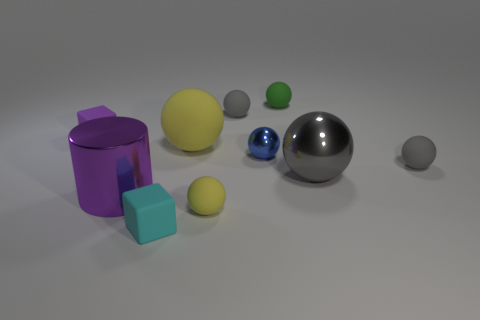There is another tiny rubber object that is the same shape as the small cyan thing; what is its color?
Make the answer very short. Purple. The green ball is what size?
Offer a very short reply. Small. How many yellow spheres have the same size as the shiny cylinder?
Ensure brevity in your answer.  1. Does the shiny cylinder have the same color as the big rubber sphere?
Offer a very short reply. No. Are the big ball that is behind the small blue metal sphere and the gray sphere that is behind the tiny purple object made of the same material?
Your answer should be compact. Yes. Are there more gray metallic balls than small red shiny blocks?
Keep it short and to the point. Yes. Are there any other things that have the same color as the large shiny sphere?
Your answer should be compact. Yes. Are the blue ball and the cyan object made of the same material?
Provide a succinct answer. No. Is the number of big cubes less than the number of large spheres?
Your answer should be very brief. Yes. Is the large purple metal object the same shape as the small green matte object?
Make the answer very short. No.

******************************

Exercise objective — Go through the listing, and whenever a line contains the string "Offer", copy that line.

Result for this exercise —
Offer a very short reply. Small. How many yellow spheres have the same size as the shiny cylinder?
Offer a very short reply. No. Are the big ball that is behind the small blue metal sphere and the gray sphere that is behind the tiny purple object made of the same material?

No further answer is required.